● Work request
Apart from the images, reproduce all of the data word for word.

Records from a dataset
#####

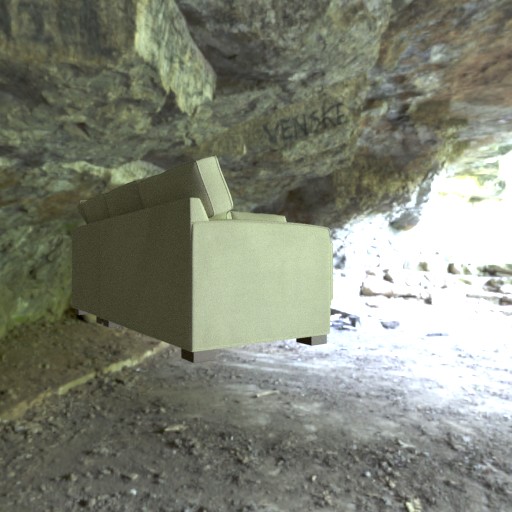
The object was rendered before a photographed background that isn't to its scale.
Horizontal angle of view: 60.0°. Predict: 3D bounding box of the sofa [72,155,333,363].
[{"bbox_3d":[0.000,0.000,3.380,2.189,0.939,2.182,0,-1,-35],"label":"sofa"}]
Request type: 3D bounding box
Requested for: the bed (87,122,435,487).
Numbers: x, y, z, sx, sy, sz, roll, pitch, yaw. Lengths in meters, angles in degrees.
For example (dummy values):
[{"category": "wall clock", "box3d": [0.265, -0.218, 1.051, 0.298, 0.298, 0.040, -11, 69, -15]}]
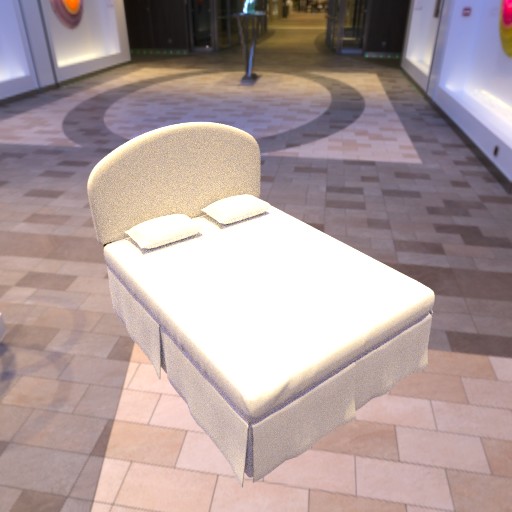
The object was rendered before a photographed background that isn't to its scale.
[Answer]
[{"category": "bed", "box3d": [0.000, 0.000, 3.048, 1.607, 1.410, 2.005, -21, 36, -31]}]
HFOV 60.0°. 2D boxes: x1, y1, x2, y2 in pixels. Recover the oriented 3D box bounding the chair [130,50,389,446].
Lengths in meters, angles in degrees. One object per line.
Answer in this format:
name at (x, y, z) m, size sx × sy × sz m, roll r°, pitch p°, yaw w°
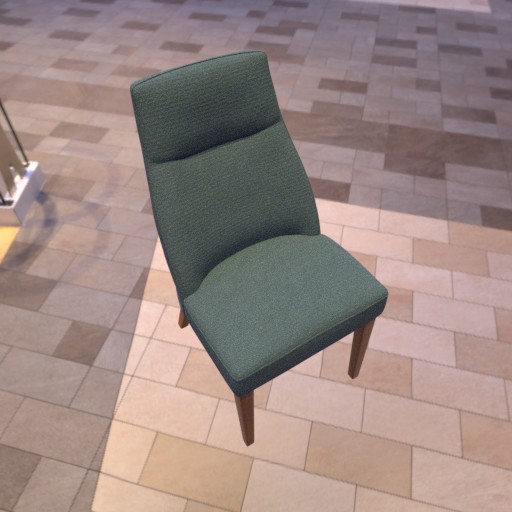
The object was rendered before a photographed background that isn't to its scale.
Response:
chair at (0.000, 0.000, 1.289) m, size 0.500 × 0.930 × 0.620 m, roll -25°, pitch 53°, yaw -21°
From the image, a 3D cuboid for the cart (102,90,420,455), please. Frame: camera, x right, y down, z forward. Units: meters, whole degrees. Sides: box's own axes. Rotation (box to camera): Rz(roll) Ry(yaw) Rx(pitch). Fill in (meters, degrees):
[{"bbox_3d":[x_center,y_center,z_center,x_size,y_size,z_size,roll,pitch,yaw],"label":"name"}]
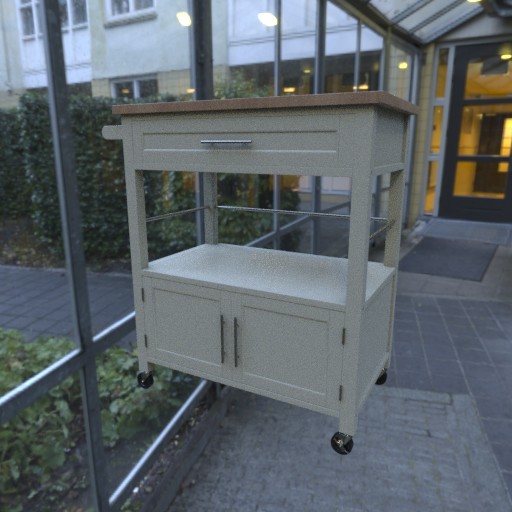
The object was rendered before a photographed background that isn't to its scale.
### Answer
[{"bbox_3d":[0.000,0.000,1.405,0.840,0.901,0.459,8,16,27],"label":"cart"}]
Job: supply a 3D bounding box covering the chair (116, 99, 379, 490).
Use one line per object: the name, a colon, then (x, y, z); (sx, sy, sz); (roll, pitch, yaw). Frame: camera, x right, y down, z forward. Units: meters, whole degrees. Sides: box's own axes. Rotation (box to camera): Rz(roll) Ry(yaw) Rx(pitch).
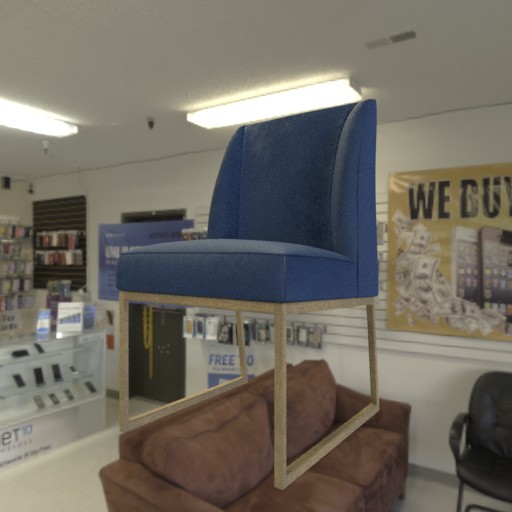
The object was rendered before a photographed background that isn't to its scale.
chair: (0.000, 0.000, 1.156); (0.508, 0.863, 0.522); (0, 1, 35)
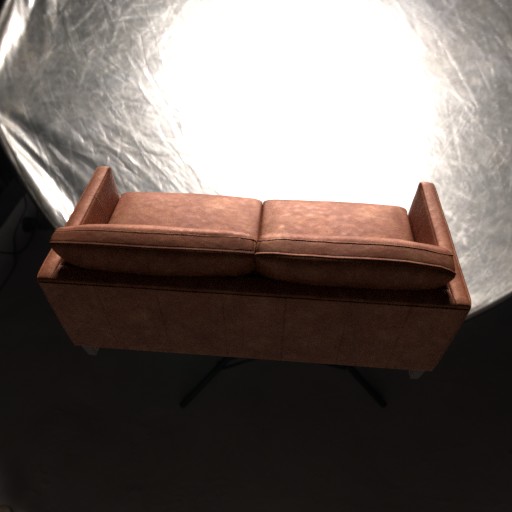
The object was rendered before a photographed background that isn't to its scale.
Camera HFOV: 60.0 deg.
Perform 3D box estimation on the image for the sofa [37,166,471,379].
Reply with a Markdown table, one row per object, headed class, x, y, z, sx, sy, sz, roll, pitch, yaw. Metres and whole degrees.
| class | x | y | z | sx | sy | sz | roll | pitch | yaw |
| --- | --- | --- | --- | --- | --- | --- | --- | --- | --- |
| sofa | 0.000 | 0.000 | 2.447 | 1.971 | 0.863 | 0.923 | 3 | 47 | 3 |
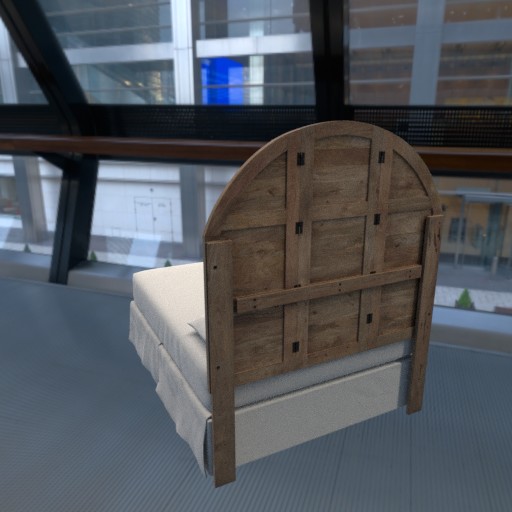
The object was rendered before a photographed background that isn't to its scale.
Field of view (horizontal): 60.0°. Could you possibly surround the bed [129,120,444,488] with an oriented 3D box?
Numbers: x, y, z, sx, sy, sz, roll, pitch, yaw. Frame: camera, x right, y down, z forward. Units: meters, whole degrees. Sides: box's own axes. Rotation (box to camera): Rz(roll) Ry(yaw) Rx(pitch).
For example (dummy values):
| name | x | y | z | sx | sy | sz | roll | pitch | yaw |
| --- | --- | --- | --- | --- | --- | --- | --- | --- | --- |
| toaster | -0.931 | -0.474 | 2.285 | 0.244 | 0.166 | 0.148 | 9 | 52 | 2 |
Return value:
| name | x | y | z | sx | sy | sz | roll | pitch | yaw |
| --- | --- | --- | --- | --- | --- | --- | --- | --- | --- |
| bed | 0.000 | 0.000 | 3.489 | 1.713 | 2.002 | 2.112 | -8 | 18 | -26 |
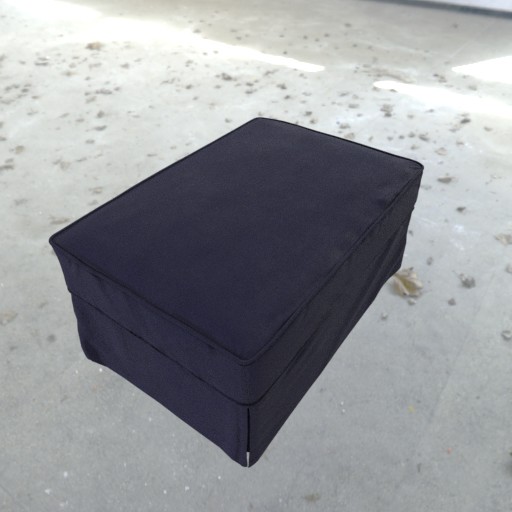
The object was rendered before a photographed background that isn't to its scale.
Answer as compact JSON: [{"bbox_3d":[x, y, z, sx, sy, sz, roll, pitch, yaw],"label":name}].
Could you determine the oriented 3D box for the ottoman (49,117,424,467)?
[{"bbox_3d":[0.000,0.000,1.323,0.637,0.503,0.938,25,47,26],"label":"ottoman"}]
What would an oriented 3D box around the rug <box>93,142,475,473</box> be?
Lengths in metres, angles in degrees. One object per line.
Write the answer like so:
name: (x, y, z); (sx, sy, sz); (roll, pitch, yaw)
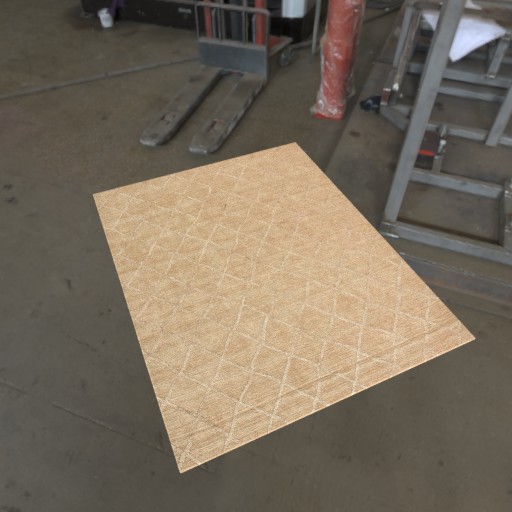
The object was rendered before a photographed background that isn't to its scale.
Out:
rug: (0.000, 0.000, 4.092); (2.420, 0.019, 3.039); (-18, 50, -16)
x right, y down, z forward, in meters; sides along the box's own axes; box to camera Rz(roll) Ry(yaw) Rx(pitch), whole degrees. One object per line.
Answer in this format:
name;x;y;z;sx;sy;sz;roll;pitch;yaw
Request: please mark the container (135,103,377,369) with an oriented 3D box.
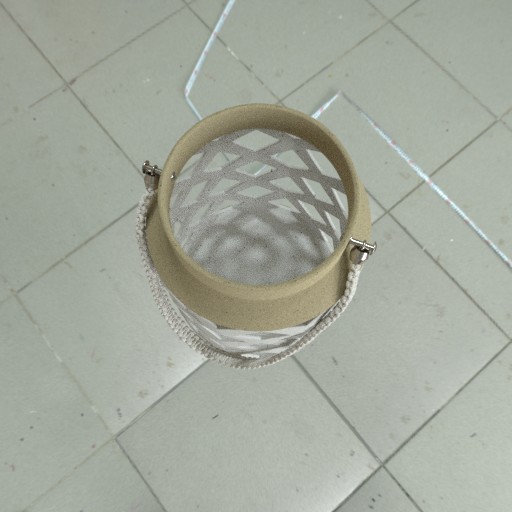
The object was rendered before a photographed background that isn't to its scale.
container;0.000;0.000;0.345;0.163;0.229;0.172;20;76;5
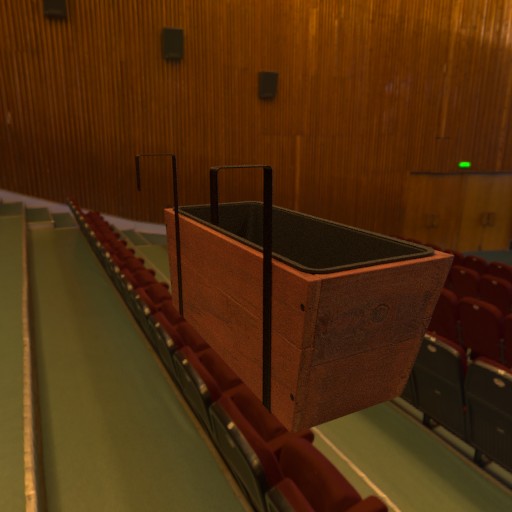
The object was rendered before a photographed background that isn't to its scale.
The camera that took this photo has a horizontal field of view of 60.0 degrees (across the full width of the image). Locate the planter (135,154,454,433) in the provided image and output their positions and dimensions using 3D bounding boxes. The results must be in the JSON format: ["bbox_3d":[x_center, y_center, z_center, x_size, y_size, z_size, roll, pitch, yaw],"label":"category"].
[{"bbox_3d":[0.000,0.000,0.663,0.262,0.289,0.480,-8,17,-26],"label":"planter"}]
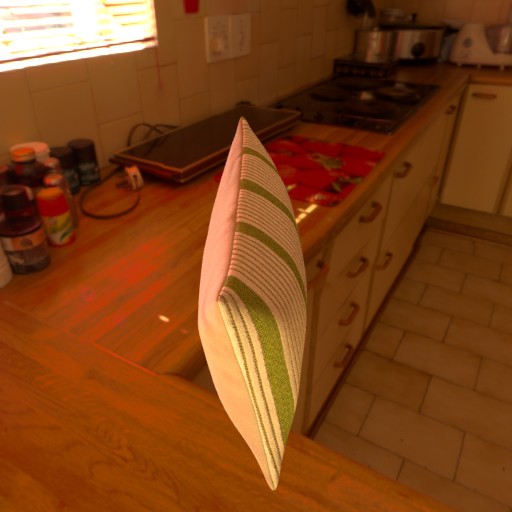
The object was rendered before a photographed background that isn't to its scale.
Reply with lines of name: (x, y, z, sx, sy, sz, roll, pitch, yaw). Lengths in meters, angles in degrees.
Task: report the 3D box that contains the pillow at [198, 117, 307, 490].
pillow: (0.000, 0.000, 0.714, 0.156, 0.292, 0.608, 0, 32, 0)
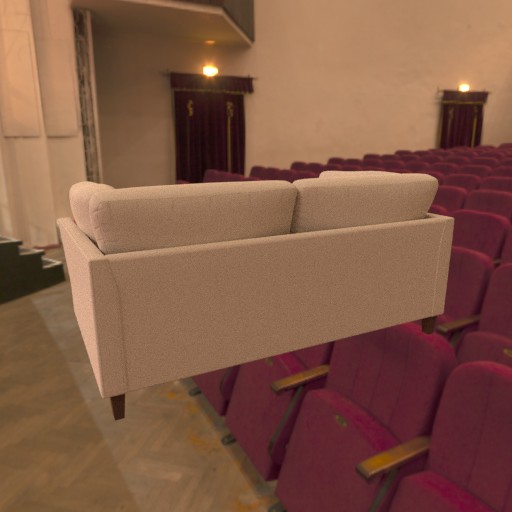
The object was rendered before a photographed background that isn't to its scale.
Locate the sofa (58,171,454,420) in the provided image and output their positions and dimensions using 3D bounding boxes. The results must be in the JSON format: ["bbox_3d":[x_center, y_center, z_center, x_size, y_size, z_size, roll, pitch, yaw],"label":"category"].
[{"bbox_3d":[0.000,0.000,2.283,1.776,0.836,0.970,-8,17,-26],"label":"sofa"}]
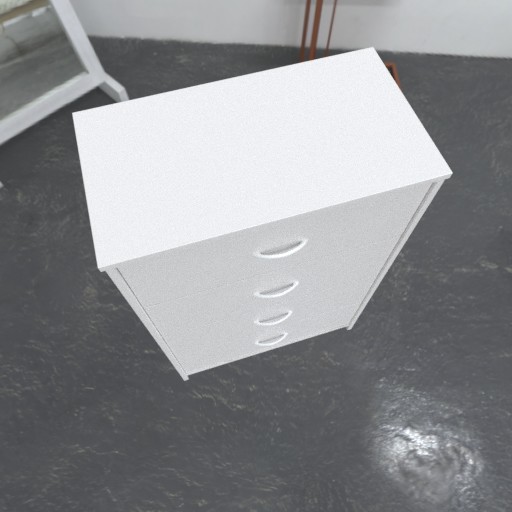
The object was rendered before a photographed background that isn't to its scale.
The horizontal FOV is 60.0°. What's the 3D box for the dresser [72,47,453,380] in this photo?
[{"bbox_3d":[0.000,0.000,1.369,0.704,1.021,0.401,-16,64,-8],"label":"dresser"}]
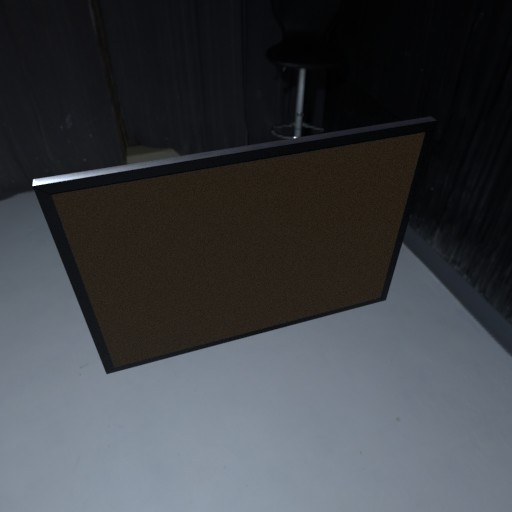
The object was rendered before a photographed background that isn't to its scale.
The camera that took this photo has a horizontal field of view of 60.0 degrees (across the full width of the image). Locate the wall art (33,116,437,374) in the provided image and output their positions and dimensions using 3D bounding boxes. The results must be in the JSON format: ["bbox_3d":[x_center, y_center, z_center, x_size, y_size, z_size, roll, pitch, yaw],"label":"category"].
[{"bbox_3d":[0.000,0.000,0.568,0.440,0.306,0.013,-12,43,-14],"label":"wall art"}]
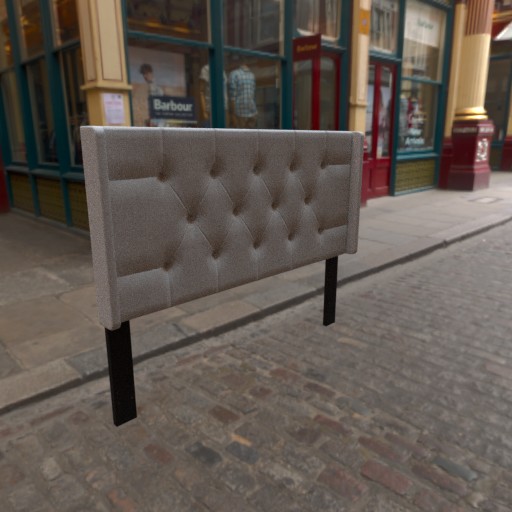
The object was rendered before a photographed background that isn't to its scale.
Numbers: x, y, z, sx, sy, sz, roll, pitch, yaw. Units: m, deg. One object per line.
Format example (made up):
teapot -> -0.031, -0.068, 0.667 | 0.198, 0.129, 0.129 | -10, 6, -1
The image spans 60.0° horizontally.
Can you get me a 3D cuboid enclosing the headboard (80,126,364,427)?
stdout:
headboard -> 0.000, 0.000, 2.775 | 2.051, 1.524, 0.184 | -14, 20, -43

#####

● Answer to this exercise
The object was rendered before a photographed background that isn't to its scale.
Horizontal angle of view: 60.0°. Predict: 3D bounding box of the sofa [72,155,333,363].
[{"bbox_3d":[0.000,0.000,3.380,2.189,0.939,2.182,0,-1,-35],"label":"sofa"}]
Request type: 3D bounding box
Requested for: the bed (87,122,435,487).
Numbers: x, y, z, sx, sy, sz, roll, pitch, yaw. Lengths in meters, angles in degrees.
For example (dummy values):
[{"category": "wall clock", "box3d": [0.265, -0.218, 1.051, 0.298, 0.298, 0.040, -11, 69, -15]}]
The object was rendered before a photographed background that isn't to its scale.
[Answer]
[{"category": "bed", "box3d": [0.000, 0.000, 3.048, 1.607, 1.410, 2.005, -21, 36, -31]}]
HFOV 60.0°. 2D boxes: x1, y1, x2, y2 in pixels. Recover the oriented 3D box bounding the chair [130,50,389,446].
Lengths in meters, angles in degrees. One object per line.
Answer in this format:
name at (x, y, z) m, size sx × sy × sz m, roll r°, pitch p°, yaw w°
The object was rendered before a photographed background that isn't to its scale.
Response:
chair at (0.000, 0.000, 1.289) m, size 0.500 × 0.930 × 0.620 m, roll -25°, pitch 53°, yaw -21°
From the image, a 3D cuboid for the cart (102,90,420,455), please. Frame: camera, x right, y down, z forward. Units: meters, whole degrees. Sides: box's own axes. Rotation (box to camera): Rz(roll) Ry(yaw) Rx(pitch). Fill in (meters, degrees):
[{"bbox_3d":[x_center,y_center,z_center,x_size,y_size,z_size,roll,pitch,yaw],"label":"name"}]
The object was rendered before a photographed background that isn't to its scale.
### Answer
[{"bbox_3d":[0.000,0.000,1.405,0.840,0.901,0.459,8,16,27],"label":"cart"}]
Job: supply a 3D bounding box covering the chair (116, 99, 379, 490).
Use one line per object: the name, a colon, then (x, y, z); (sx, sy, sz); (roll, pitch, yaw). Frame: camera, x right, y down, z forward. Units: meters, whole degrees. Sides: box's own axes. Rotation (box to camera): Rz(roll) Ry(yaw) Rx(pitch).
The object was rendered before a photographed background that isn't to its scale.
chair: (0.000, 0.000, 1.156); (0.508, 0.863, 0.522); (0, 1, 35)
The object was rendered before a photographed background that isn't to its scale.
Camera HFOV: 60.0 deg.
Perform 3D box estimation on the image for the sofa [37,166,471,379].
Reply with a Markdown table, one row per object, headed class, x, y, z, sx, sy, sz, roll, pitch, yaw. Metres and whole degrees.
| class | x | y | z | sx | sy | sz | roll | pitch | yaw |
| --- | --- | --- | --- | --- | --- | --- | --- | --- | --- |
| sofa | 0.000 | 0.000 | 2.447 | 1.971 | 0.863 | 0.923 | 3 | 47 | 3 |
The object was rendered before a photographed background that isn't to its scale.
Field of view (horizontal): 60.0°. Could you possibly surround the bed [129,120,444,488] with an oriented 3D box?
Numbers: x, y, z, sx, sy, sz, roll, pitch, yaw. Frame: camera, x right, y down, z forward. Units: meters, whole degrees. Sides: box's own axes. Rotation (box to camera): Rz(roll) Ry(yaw) Rx(pitch).
For example (dummy values):
| name | x | y | z | sx | sy | sz | roll | pitch | yaw |
| --- | --- | --- | --- | --- | --- | --- | --- | --- | --- |
| toaster | -0.931 | -0.474 | 2.285 | 0.244 | 0.166 | 0.148 | 9 | 52 | 2 |
Return value:
| name | x | y | z | sx | sy | sz | roll | pitch | yaw |
| --- | --- | --- | --- | --- | --- | --- | --- | --- | --- |
| bed | 0.000 | 0.000 | 3.489 | 1.713 | 2.002 | 2.112 | -8 | 18 | -26 |
The object was rendered before a photographed background that isn't to its scale.
Answer as compact JSON: [{"bbox_3d":[x, y, z, sx, sy, sz, roll, pitch, yaw],"label":name}].
Could you determine the oriented 3D box for the ottoman (49,117,424,467)?
[{"bbox_3d":[0.000,0.000,1.323,0.637,0.503,0.938,25,47,26],"label":"ottoman"}]
What would an oriented 3D box around the rug <box>93,142,475,473</box> be?
Lengths in metres, angles in degrees. One object per line.
Write the answer like so:
name: (x, y, z); (sx, sy, sz); (roll, pitch, yaw)
The object was rendered before a photographed background that isn't to its scale.
Out:
rug: (0.000, 0.000, 4.092); (2.420, 0.019, 3.039); (-18, 50, -16)
x right, y down, z forward, in meters; sides along the box's own axes; box to camera Rz(roll) Ry(yaw) Rx(pitch), whole degrees. One object per line.
Answer in this format:
name;x;y;z;sx;sy;sz;roll;pitch;yaw
Request: please mark the container (135,103,377,369) with an oriented 3D box.
The object was rendered before a photographed background that isn't to its scale.
container;0.000;0.000;0.345;0.163;0.229;0.172;20;76;5
The object was rendered before a photographed background that isn't to its scale.
The camera that took this photo has a horizontal field of view of 60.0 degrees (across the full width of the image). Locate the planter (135,154,454,433) in the provided image and output their positions and dimensions using 3D bounding boxes. The results must be in the JSON format: ["bbox_3d":[x_center, y_center, z_center, x_size, y_size, z_size, roll, pitch, yaw],"label":"category"].
[{"bbox_3d":[0.000,0.000,0.663,0.262,0.289,0.480,-8,17,-26],"label":"planter"}]
The object was rendered before a photographed background that isn't to its scale.
Reply with lines of name: (x, y, z, sx, sy, sz, roll, pitch, yaw). Lengths in meters, angles in degrees.
Task: report the 3D box that contains the pillow at [198, 117, 307, 490].
pillow: (0.000, 0.000, 0.714, 0.156, 0.292, 0.608, 0, 32, 0)
The object was rendered before a photographed background that isn't to its scale.
Locate the sofa (58,171,454,420) in the provided image and output their positions and dimensions using 3D bounding boxes. The results must be in the JSON format: ["bbox_3d":[x_center, y_center, z_center, x_size, y_size, z_size, roll, pitch, yaw],"label":"category"].
[{"bbox_3d":[0.000,0.000,2.283,1.776,0.836,0.970,-8,17,-26],"label":"sofa"}]
The object was rendered before a photographed background that isn't to its scale.
The horizontal FOV is 60.0°. What's the 3D box for the dresser [72,47,453,380] in this photo?
[{"bbox_3d":[0.000,0.000,1.369,0.704,1.021,0.401,-16,64,-8],"label":"dresser"}]
The object was rendered before a photographed background that isn't to its scale.
The camera that took this photo has a horizontal field of view of 60.0 degrees (across the full width of the image). Locate the wall art (33,116,437,374) in the provided image and output their positions and dimensions using 3D bounding boxes. The results must be in the JSON format: ["bbox_3d":[x_center, y_center, z_center, x_size, y_size, z_size, roll, pitch, yaw],"label":"category"].
[{"bbox_3d":[0.000,0.000,0.568,0.440,0.306,0.013,-12,43,-14],"label":"wall art"}]
The object was rendered before a photographed background that isn't to its scale.
Numbers: x, y, z, sx, sy, sz, roll, pitch, yaw. Units: m, deg. One object per line.
Format example (made up):
teapot -> -0.031, -0.068, 0.667 | 0.198, 0.129, 0.129 | -10, 6, -1
The image spans 60.0° horizontally.
Can you get me a 3D cuboid enclosing the headboard (80,126,364,427)?
stdout:
headboard -> 0.000, 0.000, 2.775 | 2.051, 1.524, 0.184 | -14, 20, -43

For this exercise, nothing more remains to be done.